BASKET RANGERS: EARLY HILLS ANGELS

Phillip and Mary Broderick: amongst the first few vignerons in today's Adelaide Hills vignoble
by PHILIP WHITE

One good way of learning how a person regards their home patch is to notice which parts of it they really want you to know about. When Phillip Broderick showed me his view of Basket Range, where he's been growing grapes with his wife Mary since 1980, he proudly showed me the school, the oval, the home of the local sculptor, and the fruit co-op cold store. All these are on hilltops.

And then, of course, there are his vineyards, which start on hilltops and plunge down into the deep, steep gullies of that bonnie upland fruit bowl, the traditional heart of Adelaide's apple, pear, cherry and berry industries.

It's a basket, really.

"I first planted down at the old place, down in the gully," he told me as we wound around those hillbilly goat tracks. "I first bought it because I wanted to live there. I was talking to Steve George and Peter, Peta van Rood's father. He'd put in a vineyard up around Clare. He said 'this is the same height above sea level as Clare. You could get away with red here.' And the penny dropped and I thought oh well I'll do that. He was really helpful, old Peter."

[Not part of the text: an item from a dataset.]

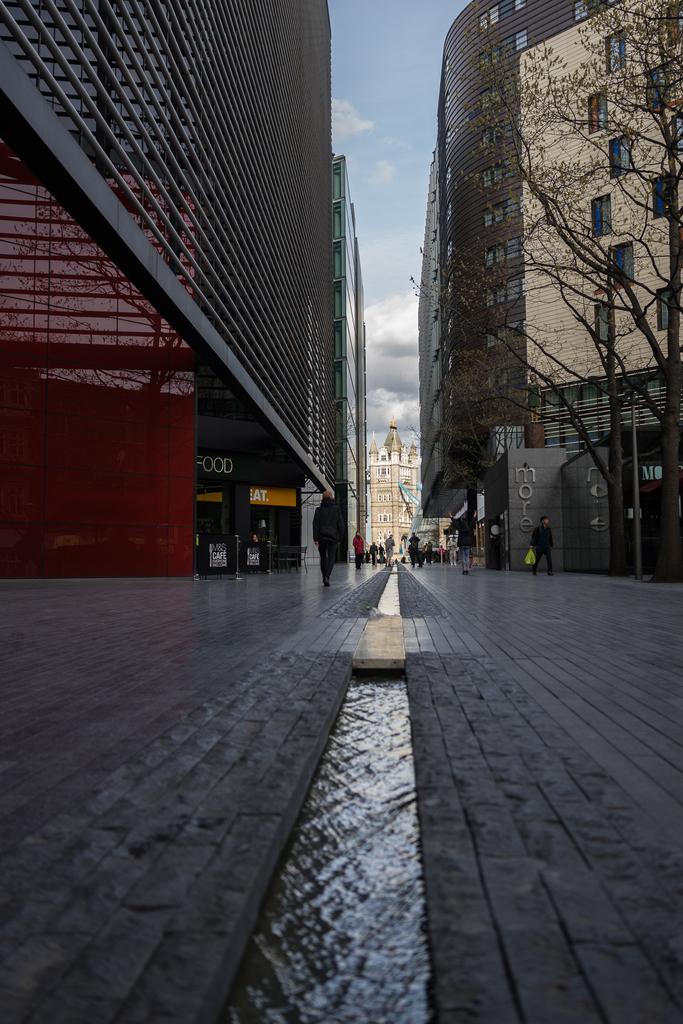What does the grey brick say?
Offer a terse response. More. What can you buy on this street?
Your answer should be very brief. Food.

The Brodericks' Basket Range brand now adorns some of Australia's very best blends of the Bordeaux varieties: sublimely-perfumed, perfectly elegant red wines. They're on a par with the beautiful Blue Poles blends from Margaret River.

"I put the grapes in just slowly," he explained. "I put Malbec, Merlot, Cabernet, a bit of Cabernet franc and that was it. We gradually put in small patches of grapes until about 1987. That last bit was '90: some Petit verdot. I thought if that ripens in Bordeaux, like Carmenere, it'll work here. It's a blender, a finisher for the good years. I like it. I've planted more of it.

"Not that I knew much about Bordeaux wine," he chuckled. "I was so bone ignorant I remember they started a little bit of a wine show at Uraidla which has now evolved into the Adelaide Hills wine region. We used to go to the Uraidla Aristologist at the time of the show, and we were all standing 'round in a circle and we'd have dinner there with the Hillyers and the wines would come out and they'd have a guest judge.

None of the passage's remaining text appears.